#### The data
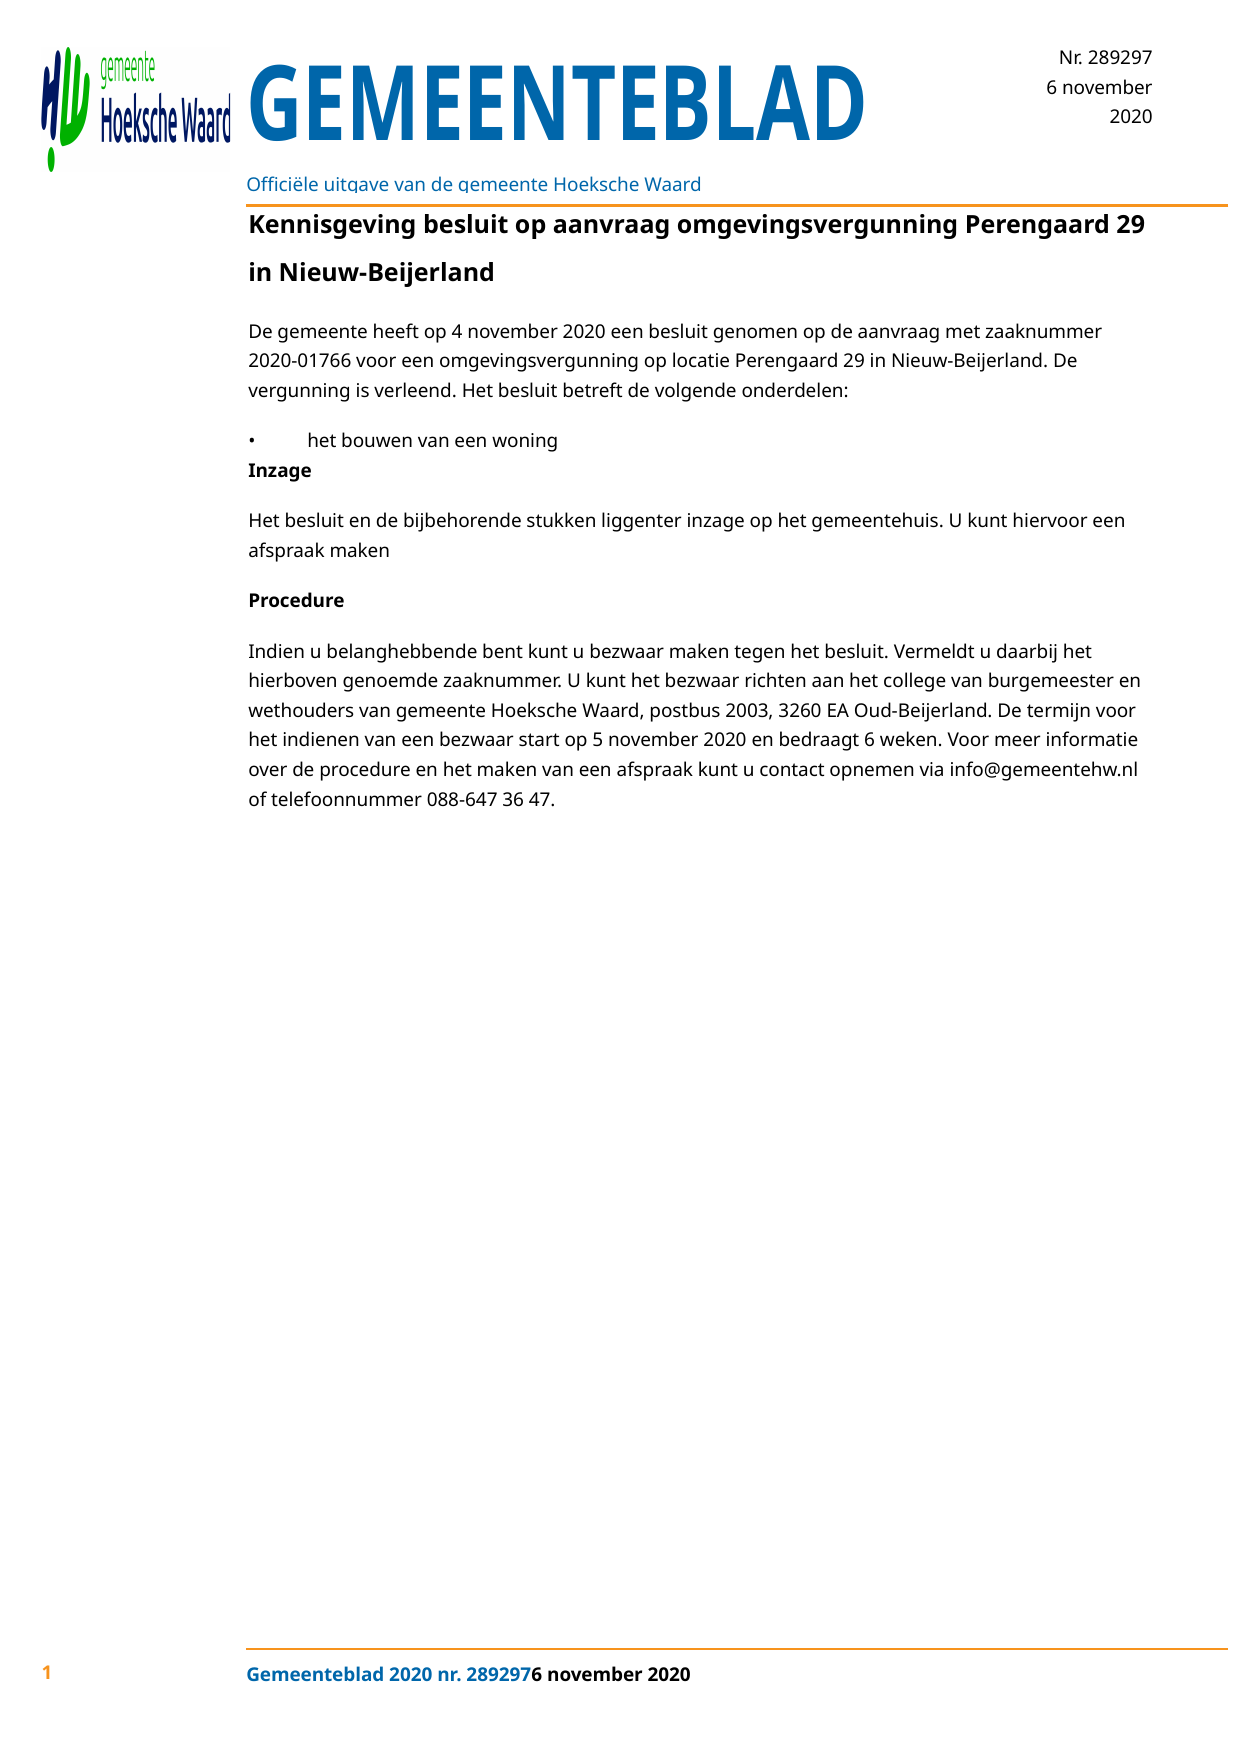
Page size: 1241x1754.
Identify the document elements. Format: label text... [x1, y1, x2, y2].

picture [41, 47, 231, 172]
list het bouwen van een woning [248, 427, 1152, 453]
text De gemeente heeft op 4 november 2020 een besluit genomen op de aanvraag met zaaknummer 2020-01766 voor een omgevingsvergunning op locatie Perengaard 29 in Nieuw-Beijerland. De vergunning is verleend. Het besluit betreft de volgende onderdelen: [248, 318, 1152, 403]
text Kennisgeving besluit op aanvraag omgevingsvergunning Perengaard 29 in Nieuw-Beijerland [248, 207, 1152, 288]
text Inzage [248, 457, 1152, 483]
text Procedure [248, 587, 1152, 613]
text Indien u belanghebbende bent kunt u bezwaar maken tegen het besluit. Vermeldt u daarbij het hierboven genoemde zaaknummer. U kunt het bezwaar richten aan het college van burgemeester en wethouders van gemeente Hoeksche Waard, postbus 2003, 3260 EA Oud-Beijerland. De termijn voor het indienen van een bezwaar start op 5 november 2020 en bedraagt 6 weken. Voor meer informatie over de procedure en het maken van een afspraak kunt u contact opnemen via info@gemeentehw.nl of telefoonnummer 088-647 36 47. [248, 638, 1152, 812]
text Het besluit en de bijbehorende stukken liggenter inzage op het gemeentehuis. U kunt hiervoor een afspraak maken [248, 507, 1152, 563]

#### What you will do
Restate word for word the lines from the one holding "text De gemeente" through the last line of the listing, omitting every earlier line.

#### Your response
text De gemeente heeft op 4 november 2020 een besluit genomen op de aanvraag met zaaknummer 2020-01766 voor een omgevingsvergunning op locatie Perengaard 29 in Nieuw-Beijerland. De vergunning is verleend. Het besluit betreft de volgende onderdelen: [248, 318, 1152, 403]
text Kennisgeving besluit op aanvraag omgevingsvergunning Perengaard 29 in Nieuw-Beijerland [248, 207, 1152, 288]
text Inzage [248, 457, 1152, 483]
text Procedure [248, 587, 1152, 613]
text Indien u belanghebbende bent kunt u bezwaar maken tegen het besluit. Vermeldt u daarbij het hierboven genoemde zaaknummer. U kunt het bezwaar richten aan het college van burgemeester en wethouders van gemeente Hoeksche Waard, postbus 2003, 3260 EA Oud-Beijerland. De termijn voor het indienen van een bezwaar start op 5 november 2020 en bedraagt 6 weken. Voor meer informatie over de procedure en het maken van een afspraak kunt u contact opnemen via info@gemeentehw.nl of telefoonnummer 088-647 36 47. [248, 638, 1152, 812]
text Het besluit en de bijbehorende stukken liggenter inzage op het gemeentehuis. U kunt hiervoor een afspraak maken [248, 507, 1152, 563]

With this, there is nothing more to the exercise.